A dita responsabilidade aquiliana outrora se comprovada na Roma Antiga como algo capaz de tornar por outro modo reparada uma situação vexatória e cujo teor emocional de constrangimento é algo mais que explícito.
No mesmo sentido, diz-se que a indenização vem do latim in denere que seja tornar sem dano.
Ao caso, tornar sem dor como consagra o art. 5º, X, da CB e mais dentro da perspectiva de ato ilícito o art. 186 do CC/02 e o art. 927 que trata da responsabilidade civil no mesmo Estatuto.
A atividade empresarial possui responsabilidade objetiva, inclusive quanto a propaganda como norteia o diploma consumeirista.
A mais que isso, o contrato avençado assevera que a parte autora deverá cumprir suas obrigações prestacionais, de outro modo garantindo a mesma a segurança de uma infraestrutura que lhe guarnecerá momentos em tese inesquecíveis.
Neste sentido, o fornecedor possui responsabilidade de grande porte.
E não há como esquecer que em tais casos existe uma violação ou uma não consideração a boa-fé já referida nesta oportunidade.
Para tanto, a doutrina já ponderou em situações paralelas o seguinte como assevera o Desembargador e professor do TJRJ Roberto de Abreu Silva que pontuou: No Brasil, a exigência de boa-fé dos partícipes na fase pré-contratual tem apoio no Código de Proteção e Defesa do Consumidor, artigo 4º, III, além de estruturar a teoria geral dos contratos, como princípio geral de direito (arts. 113 e 422 do Código Civil/02).
O CPDC ao lado da exigência de boa-fé impõe ainda ao fornecedor o dever de informar sobre a qualidade, segurança e nocividade do produto (arts. 8º, 9º e 10), sob pena de se deflagar a sua responsabilidade civil por: a) defeitos decorrentes de projeto, fabricação, construção, montagem, fórmulas, manipulação, apresentação ou acondicionamento de seus produtos; e b) por informações insuficientes ou inadequadas sobre sua utilização e riscos do produto.
Como se vê, as partes na fase pré-contratual têm diversos deveres, como: boa-fé, lealdade, respeito ao contraditório, não-discriminação, sinceridade, confidencialidade, cooperação, motivar a ruptura, cortesia, restituir documentos e amostras entregues durante a negociação, confiança legítima, etc.

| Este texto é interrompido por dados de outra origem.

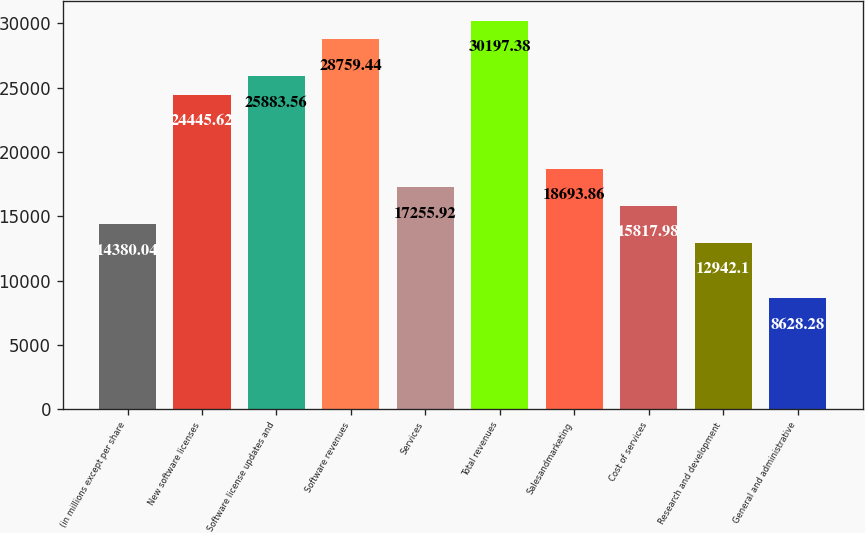Convert chart. <chart><loc_0><loc_0><loc_500><loc_500><bar_chart><fcel>(in millions except per share<fcel>New software licenses<fcel>Software license updates and<fcel>Software revenues<fcel>Services<fcel>Total revenues<fcel>Salesandmarketing<fcel>Cost of services<fcel>Research and development<fcel>General and administrative<nl><fcel>14380<fcel>24445.6<fcel>25883.6<fcel>28759.4<fcel>17255.9<fcel>30197.4<fcel>18693.9<fcel>15818<fcel>12942.1<fcel>8628.28<nl></chart> 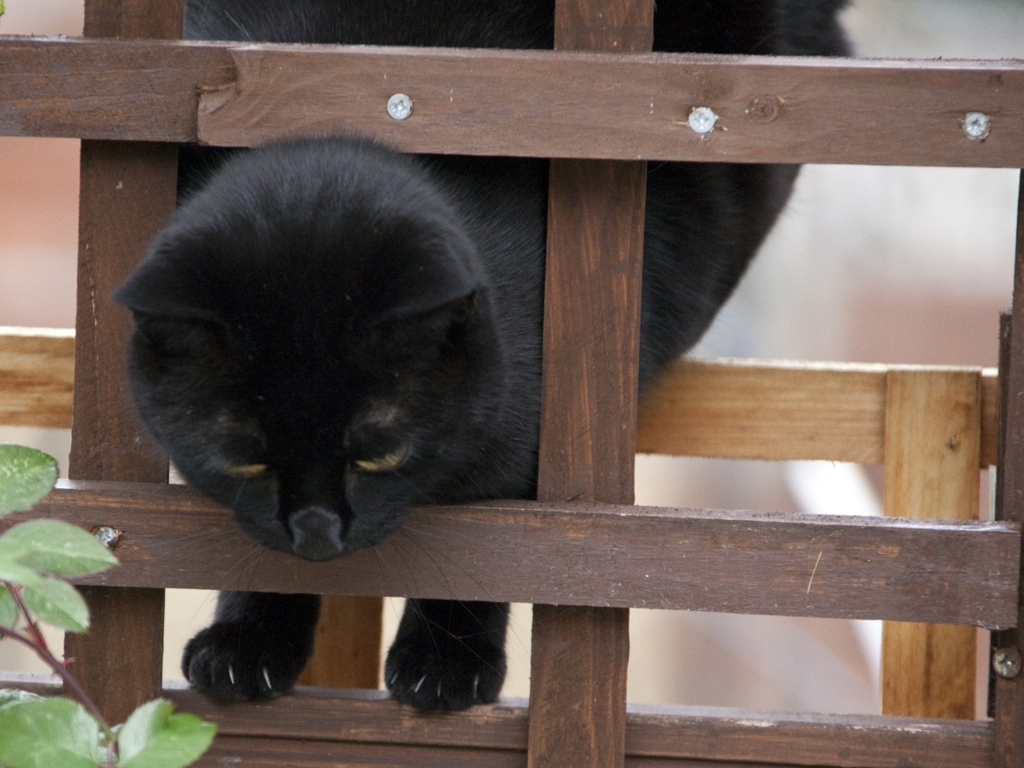Are the textures of the main subject clear? Yes, the textures of the main subject, which appears to be a black cat, are quite clear. One can make out the sheen of its fur and the subtle variations in color. The eyes of the cat reflect light, giving them a vivid appearance, and the wooden lattice also shows distinct textures and wood grain. 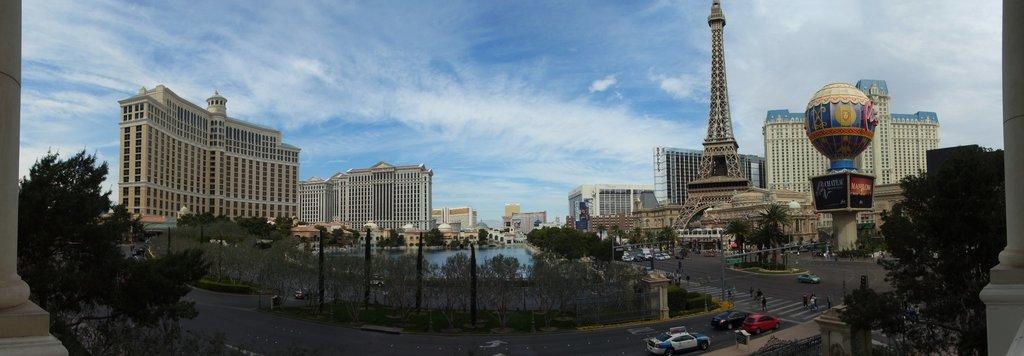How would you summarize this image in a sentence or two? In this image there are tall buildings. On the right side there is Eiffel tower. There is water. There are vehicles moving on the road. There are trees. 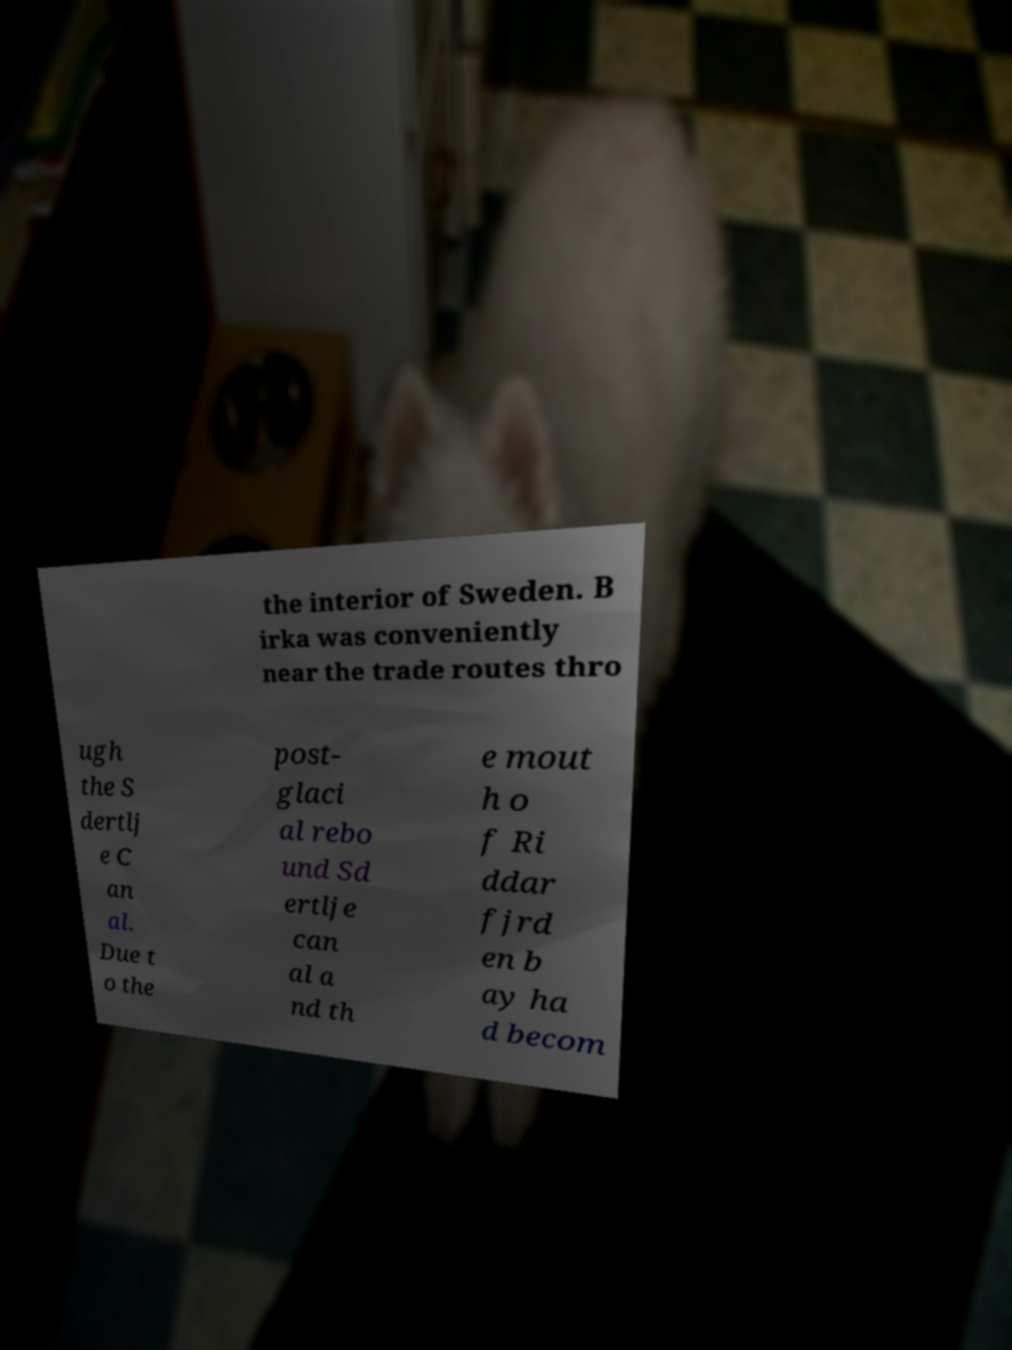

Em síntese, as tratativas negociais devem irrigar-se no princípio da boa-fé, sendo vedado o abuso do direito e o agir de má-fé.
A responsabilidade civil extracontratual defluente do inadimplemento de obrigação negocial, com consequências danosas às pessoas ou coisas de outrem, em falta cometida por uma das partes na fase pré-contratual ou no mal cumprimento da obrigação vem sendo reconhecida pelos precatórios, em situações especiais.[2] Ao presente, pois, reconheço os danos morais postulados, sobretudo quando se leva em consideração que a ré encontra se encontra em mora há anos.
No ponto, sinalo que, certo do dever de indenizar, passo à análise do quantum indenizatório, ressaltando não se pode perder de vista que a função preponderante da reparação por dano moral é reparatória, devendo guardar correspondência com a gravidade do prejuízo compensando a vítima pela lesão efetivamente sofrida.
Significa dizer: a indenização deve guardar razoável proporcionalidade com o dano vivenciado pelo ofendido, à vista das peculiaridades do caso concreto. À falta de medida aritmética, e ponderadas funções satisfatória e punitiva, serve à fixação do montante da indenização o prudente arbítrio do juiz, tendo em conta certos requisitos e condições, tanto da vítima quanto do ofensor.
Especialmente, deve ser observada a capacidade econômica do atingido, mas também daquele que comete o ilícito, de molde que não ocorra enriquecimento injustificado, mas que também não se lastreie indenização que não atinja o caráter pedagógico a que se propõe.
Dessa forma, levando em consideração as questões fáticas, bem como situação econômico/financeira do ofensor e ofendido, arbitro indenização a título de dano moral, diante dessas peculiaridades, em R$ 10.000,00 (dez mil reais).
Tal quantia certamente assegura o caráter repressivo e pedagógico da indenização e, também, não pode ser considerada elevada bastante a configurar enriquecimento sem causa da Autora.
DISPOSITIVO Ante o exposto, JULGO PROCEDENTES OS PEDIDOS formulados na inicial para: a) Condenar a Requerida em danos morais infligidos ao autor, fixados em R$ 10.000,00 (dez mil reais), incidindo correção monetária a partir desta decisão (Súmula 362 do STJ), e juros moratórios de 1% ao mês a partir da citação (art. 405 do CC/02).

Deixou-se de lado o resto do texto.